Tuesday, February 07, 2012

Birthday Time 2012

It is time once again for my birthday. I can't believe it is almost here. I will be 26 this year, and somehow I kind of don't feel like celebrating. I look at all the great things that friends have going on in their lives, and I'm kind of envious of the fact that some of them are married, have children, and have all these great things going on in their lives.I had thought when I was a teenager that some of those wonderful things would have happened by now, but it just looks to be not happening anytime soon for me, and for right now, that is okay. I feel like I'm at a stand-still in life, and really trying to figure out where I'm suppose to go from here. I  sometimes wonder how I have made it to this point in my life and how some things have not worked out the way that I thought they would. I have some many things on my mind, and somehow I can't seem to make them happen. I sometimes wonder when great things are going to happen, and I sometimes if they are just going to pass me by. I continue to look at things, and sometimes wonder if I'm going to be along for long time(with no dating prospects on the horizon), as I wonder how I can become a better person and wonder if there is a way that I can change things. Sometimes I wish that things would just change for the better, so that maybe the world doesn't look so gloomy and such a bad place. Why can't things work out the way that we would like, for just once? Does the world have a problem with us being happy? I know that people think I'm happy a lot of time, but there are things that are constantly on my mind, and I wonder how people are able to be truly happy all of the time. How do we change things if we aren't happy with them? How do we make sure that even those that we love or that are family just encourage us, and want us to be happy instead of always being down about things? 

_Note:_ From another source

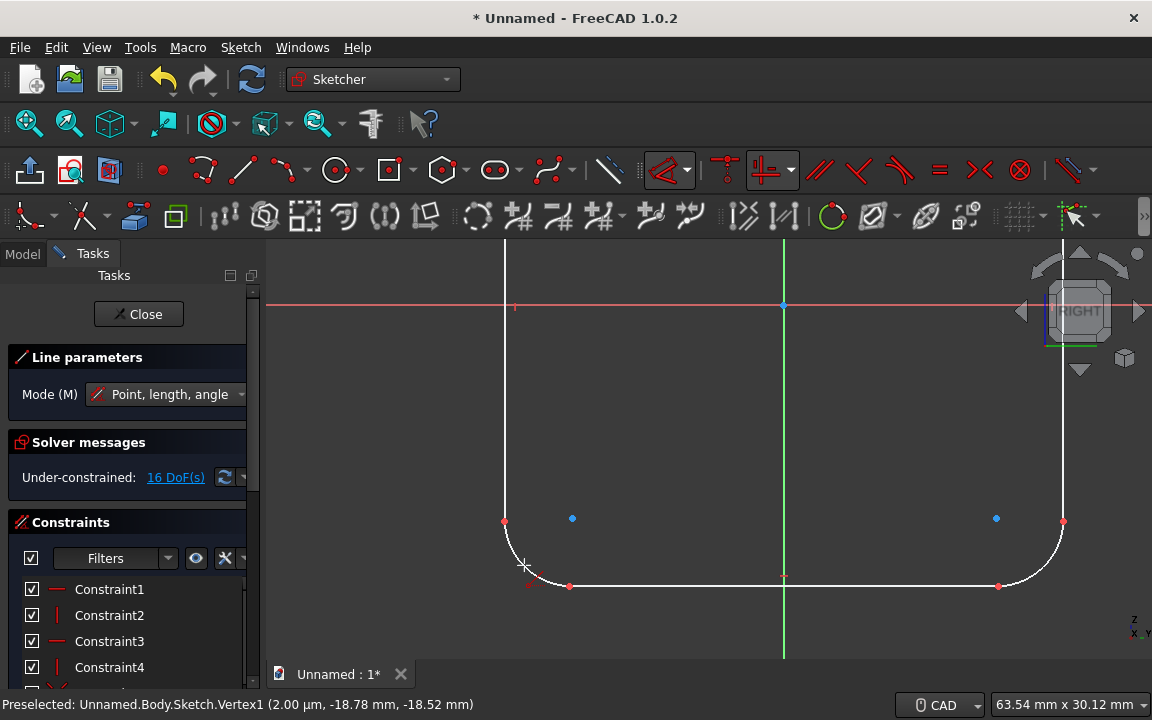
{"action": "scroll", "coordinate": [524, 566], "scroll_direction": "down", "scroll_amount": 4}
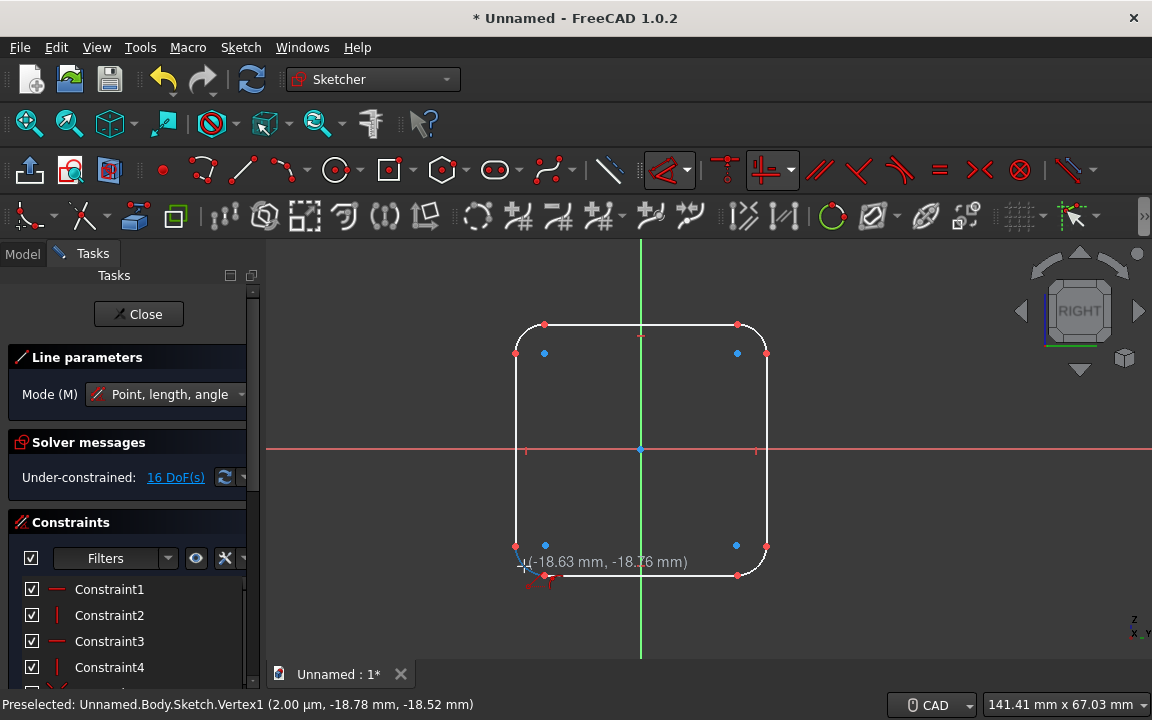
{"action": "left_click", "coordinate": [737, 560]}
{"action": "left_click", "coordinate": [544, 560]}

How do we know that certain things are going to happen and that we can truly be happy by our own standards? Why do we feel that we have to live up to everybody's ideas and what they feel that we should be doing?
Hopefully this year will be better and things will go more smoothly, with some great adventures. I really do hope that as I continue to get older, I can look back on some bad years and know that something great came from them, and that maybe instead of remembering all the bad things, I can look back and remember some of the good things.